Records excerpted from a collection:
**********

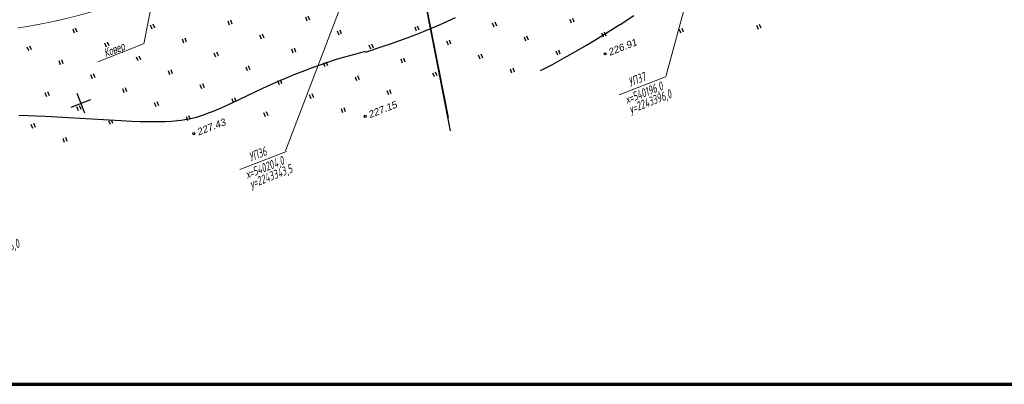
# Model space of a CAD drawing. Header units: millimetres. Extents: x -10 to 1169, y 1 to 1686.
# Tile 182 of 224: x 570 to 711, y 1046 to 1098. Entities that reach past the tile are written whole.
import ezdxf
from ezdxf.enums import TextEntityAlignment as Align

# ---------------------------------------------------------------- set-up
doc = ezdxf.new("R2010")
doc.units = ezdxf.units.MM
doc.linetypes.add('CONTI', pattern=[0])
for name, color, linetype in [('CONTURS', 7, 'Continuous'), ('COORDS', 7, 'Continuous'), ('GPR_PICK', 7, 'Continuous'), ('IZOLINES', 32, 'Continuous'), ('PDIGIT', 170, 'Continuous'), ('PICKETS', 7, 'Continuous'), ('Листы', 7, 'Continuous'), ('УЧАСТКИ', 7, 'Continuous')]:
    doc.layers.add(name, color=color, linetype=linetype)
doc.styles.add('GPR', font='isocpeui.ttf', dxfattribs={"width": 0.8})
doc.styles.get("Standard").update_dxf_attribs({"font": 'arial.ttf'})

# ---------------------------------------------------------------- blocks, each defined once
blk = doc.blocks.new('401')
at = {"layer": 'CONTURS'}
for p, q in [((0, 0), (0, 1.2)), ((0.8, 0), (0.8, 1.2))]:
    blk.add_line(p, q, dxfattribs=at)

msp = doc.modelspace()

# ---------------------------------------------------------------- linework, layer by layer
at = {"layer": 'CONTURS', "color": 0, "linetype": 'CONTI', "lineweight": 15}
for p, q in [((669.72224, 1117.51679), (662.30874, 1090.24858)), ((618.14708, 1105.98229), (608.07255, 1079.65156)), ((589.42008, 1102.59319), (587.9111, 1094.92634)), ((587.87173, 1094.9108), (581.3245, 1092.35163)), ((655.66773, 1087.64225), (662.28638, 1090.22934)), ((601.59897, 1077.0029), (608.21762, 1079.58999))]:
    msp.add_line(p, q, dxfattribs=at)
at = {"layer": 'COORDS', "lineweight": -2}
for p, q in [((579.4729, 1085.03393), (578.38073, 1087.82806)), ((577.52975, 1085.88491), (580.32388, 1086.97708))]:
    msp.add_line(p, q, dxfattribs=at)
at = {"layer": 'IZOLINES', "const_width": 0.1}
msp.add_lwpolyline([(569.89156, 1097.15681), (571.34147, 1097.3939), (572.7873, 1097.65395), (573.95879, 1097.88268), (575.10724, 1098.12317), (575.09988, 1098.12263), (576.21295, 1098.37047), (577.32217, 1098.63463), (578.42747, 1098.9144), (579.52858, 1099.20993), (580.62524, 1099.52123), (581.71729, 1099.84804), (582.80469, 1100.18973), (583.88759, 1100.54526), (584.96636, 1100.91298), (586.04167, 1101.29059), (588.18655, 1102.06192), (590.33587, 1102.82005), (590.94247, 1103.02169), (591.54529, 1103.21228)], dxfattribs=at)
at = {"layer": 'IZOLINES'}
for points in [[(619.51436, 1093.73218), (619.51436, 1093.73252), (621.88859, 1094.51516), (623.07148, 1094.91897), (624.25037, 1095.33416), (625.42443, 1095.76261), (626.59292, 1096.20581), (627.75519, 1096.66481), (628.91073, 1097.14027), (630.0591, 1097.63252), (631.20001, 1098.14158), (632.33324, 1098.66728)], [(644.46286, 1091.09185), (646.14577, 1091.98462), (647.81647, 1092.89979), (649.42867, 1093.80938), (651.00826, 1094.72673), (651.00092, 1094.72298), (652.17039, 1095.41937), (653.33261, 1096.12769), (654.4886, 1096.8461), (655.77269, 1097.65671), (655.7799, 1097.6613), (655.7799, 1097.6613), (655.7799, 1097.6613), (655.7799, 1097.6613), (655.7799, 1097.6613), (655.77991, 1097.6613), (655.77991, 1097.6613), (655.78019, 1097.66186), (657.76759, 1098.93329)], [(570.09551, 1084.75663), (571.34406, 1084.71691), (572.59223, 1084.66697), (573.84002, 1084.6088), (576.3346, 1084.47408), (578.82827, 1084.32356), (583.8153, 1084.01806), (586.19432, 1083.89951), (587.38448, 1083.85672), (588.575, 1083.83072), (589.7656, 1083.8275), (590.9555, 1083.855), (591.8657, 1083.9036), (592.72919, 1083.97876), (592.71406, 1083.97694), (593.23854, 1084.03972), (593.76078, 1084.1177), (594.27989, 1084.21305), (594.80087, 1084.3284), (594.80213, 1084.3287), (594.80213, 1084.3287), (594.80213, 1084.3287), (594.80213, 1084.3287), (594.80213, 1084.3287), (594.80214, 1084.32871), (594.802, 1084.32993), (595.39221, 1084.48365), (595.9756, 1084.66053), (596.55288, 1084.85585), (597.12471, 1085.0662), (597.69182, 1085.2887), (598.25492, 1085.52102), (599.37149, 1086.00773), (600.47903, 1086.51445), (602.68157, 1087.55464), (604.88546, 1088.59179), (605.99271, 1089.09887), (607.10512, 1089.59436), (608.22348, 1090.0761), (609.34825, 1090.54239), (610.09237, 1090.8403), (610.84619, 1091.13324), (610.84861, 1091.13417), (610.85345, 1091.13602), (610.84791, 1091.1347), (611.93498, 1091.54039), (613.02783, 1091.92994), (614.12651, 1092.30238), (615.23074, 1092.65771), (616.34012, 1092.99626), (617.45419, 1093.31873), (618.48641, 1093.6031), (619.51661, 1093.87447)]]:
    msp.add_lwpolyline(points, dxfattribs=at)
at = {"layer": 'PICKETS', "color": 7, "lineweight": -2}
for centre in [(653.66494, 1093.4838), (619.46443, 1084.59387), (595.03686, 1082.11153)]:
    msp.add_circle(centre, 0.15, dxfattribs=at)
at = {"layer": 'Листы', "lineweight": 70, "ltscale": 200}
msp.add_lwpolyline([(1167.09237, 1332.30798), (-9.65295, 1332.30798), (-9.65295, 1046.42792), (1167.09237, 1046.42792)], close=True, dxfattribs=at)
at = {"layer": 'УЧАСТКИ', "color": 6, "linetype": 'Continuous', "lineweight": -2}
for p, q in [((631.63422, 1082.52508), (626.89821, 1106.81398)), ((626.89821, 1106.81398), (631.26393, 1084.42412))]:
    msp.add_line(p, q, dxfattribs=at)

# ---------------------------------------------------------------- block references
at = {"layer": 'CONTURS', "lineweight": -2, "xscale": 0.4999999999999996, "yscale": 0.4999999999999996, "zscale": 0.4999999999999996, "rotation": 21.3494687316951}
for p in [(589.08223, 1097.00761), (600.13589, 1097.57037), (611.18954, 1098.13314), (637.83087, 1097.27304), (648.88452, 1097.8358), (675.52585, 1096.9757), (578.02858, 1096.44485), (604.6699, 1095.58475), (615.72356, 1096.14751), (626.77721, 1096.71027), (653.41854, 1095.85017), (664.47219, 1096.41293), (582.56259, 1094.45922), (593.61625, 1095.02199), (620.25757, 1094.16188), (631.31123, 1094.72465), (642.36488, 1095.28741), (571.50894, 1093.89646), (598.15026, 1093.03636), (609.20392, 1093.59912), (635.84524, 1092.73902), (646.8989, 1093.30178), (576.04295, 1091.91083), (587.09661, 1092.4736), (613.73793, 1091.6135), (624.79159, 1092.17626), (580.57696, 1089.92521), (591.63062, 1090.48797), (602.68428, 1091.05073), (629.3256, 1090.19063), (640.37926, 1090.75339), (596.16463, 1088.50234), (607.21829, 1089.06511), (618.27195, 1089.62787), (574.05732, 1087.37682), (585.11098, 1087.93958), (622.80596, 1087.64224), (589.64499, 1085.95396), (600.69865, 1086.51672), (611.7523, 1087.07948), (578.59134, 1085.39119), (605.23266, 1084.53109), (616.28632, 1085.09385), (583.12535, 1083.40557), (594.17901, 1083.96833), (572.0717, 1082.8428), (576.60571, 1080.85718)]:
    msp.add_blockref('401', p, dxfattribs=at)

# ---------------------------------------------------------------- texts
at = {"layer": 'GPR_PICK', "style": 'GPR', "width": 0.7}
for s, p in [('Ковер', (583.88981, 1093.53321)), ('УП37', (658.43801, 1089.27056)), ('х=540196,0', (659.42981, 1087.38495)), ('у=2243396,0', (660.30223, 1086.12069)), ('УП36', (604.36925, 1078.63121)), ('х=540204,0', (605.36105, 1076.74561)), ('у=2243343,5', (606.23347, 1075.48134)), ('у=2243296,0', (567.35433, 1064.81831))]:
    msp.add_text(s, height=1.25, rotation=21.3494687, dxfattribs=at).set_placement(p, align=Align.CENTER)
at = {"layer": 'PDIGIT', "color": 7, "lineweight": -2, "oblique": 10}
for s, p in [('226.91', (654.31265, 1093.20014)), ('227.15', (620.11215, 1084.31021)), ('227.43', (595.68457, 1081.82787))]:
    msp.add_text(s, height=1, rotation=21.3494687, dxfattribs=at).set_placement(p)

doc.saveas('drawing.dxf')

**********

TASK DETAILS: Checking each line of the data, count the ones containing "import", and give only that count.

ANSWER BOX: 2